The next parts are generally the meat and potatoes that you would care about:

  • Random effects (intercepts): Each part that is named (Intercept) is telling you the random intercept portion of the random effects. Here this would be your vnr variable. When looking at all of the vnr groups, they vary around the average conditional mean of the DV by about $28188.4$, and the SD of this is around $167.89$. Whether this is a lot or a little is dependent on what your DV actually measures in terms of physical activity. For example, if PA was measured in caloric deficit, then this would be a lot.
  • Random effects (slopes): The slopes are usually the ones that don't have (Intercept) because they are not grouped (hence you don't see them in the group column), and have some correlation near it if the random slopes and intercepts are allowed to correlate (which here you have specified). The variance and SD here represent how much the slopes vary between groups (in other words, how much the magnitude fluctuates by grouping). The correlation shows that as the intercepts increase in value, the slopes decrease.
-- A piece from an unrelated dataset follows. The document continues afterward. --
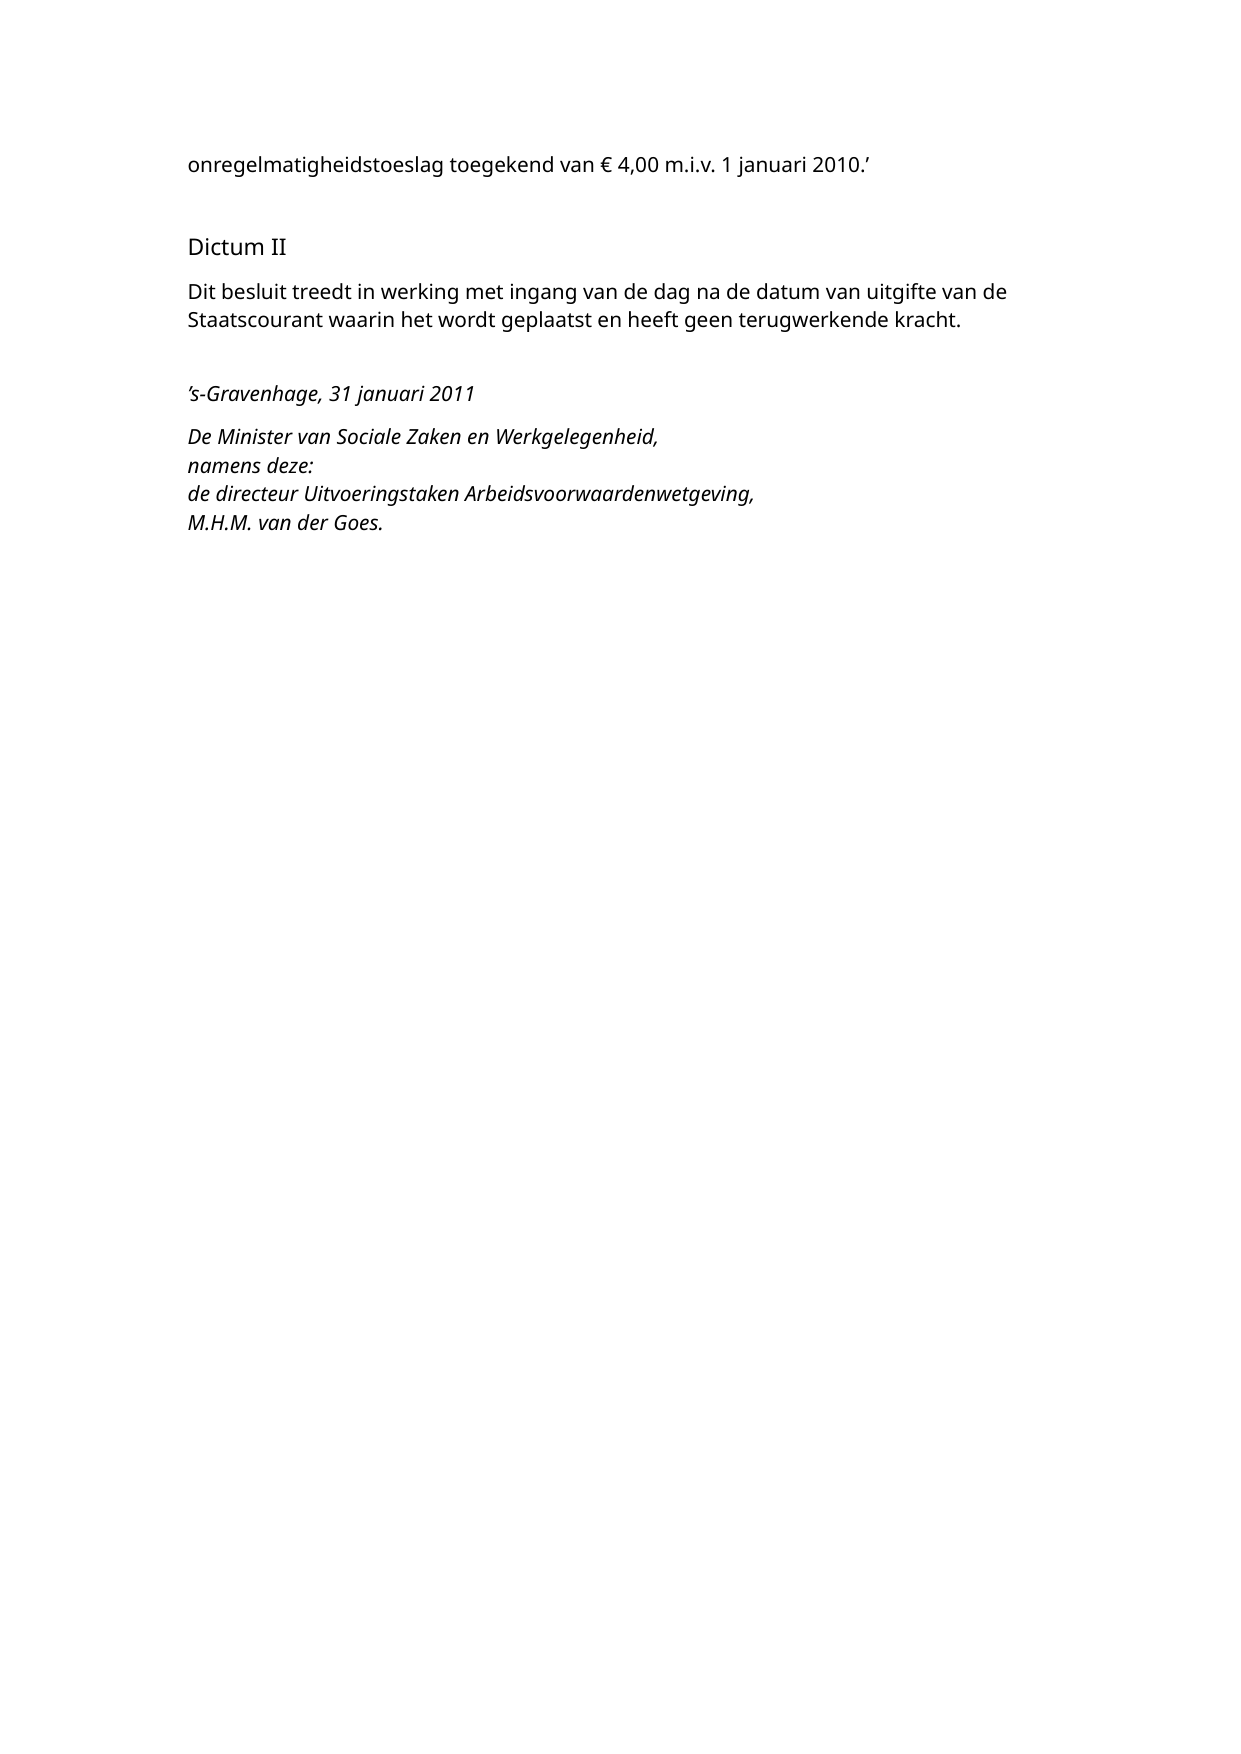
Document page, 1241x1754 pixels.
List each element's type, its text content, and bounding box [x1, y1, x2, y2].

This means that as the conditional mean for each group increases, the magnitude of time decreases.
  • Residual: This part tells you the "leftover" noise in your model. Basically, there is about $370.27$ SD in PA that is left unaccounted for in your model. The rest of the output below the residuals just tell you details about the observations and groups entered into the model.
  • Fixed effects: These are interpreted the same way they would a normal regression, though the $p$ values are not estimated the same way as a typical OLS regression would (they are instead estimated with Satterthwaite's method here). Reading out just one of the fixed effects, we can see that progr2 has a slope which indicates that it decreases PA with $\beta = -54.241$, in other words this group decreases PA compared to the endurance group. The rest of the information to the right (standard error (se), degrees of freedom (df) and t-value) are used to estimate the $p$ value. Here it is not statistically significant. Whether or not that is something to care about is up to how much you are married to the NHST framework of decision making around $p$ values. Those terms which include $:$ are interaction terms and have similar interpretation. The rest of this output just tells you how to read the significance terms.

As to the final part:

  • Correlation of fixed effects. Just ignore this section. Many have actually asked for this output to be removed because it is confusing and leads to erroneous interpretation. More on that here.

Just as an aside, it appears you have some redundant code. If you enter progr * time, it already estimates the main effect and the interaction of time, so you don't need to enter time again as a main effect (though functionally lme4 will just ignore this redundancy).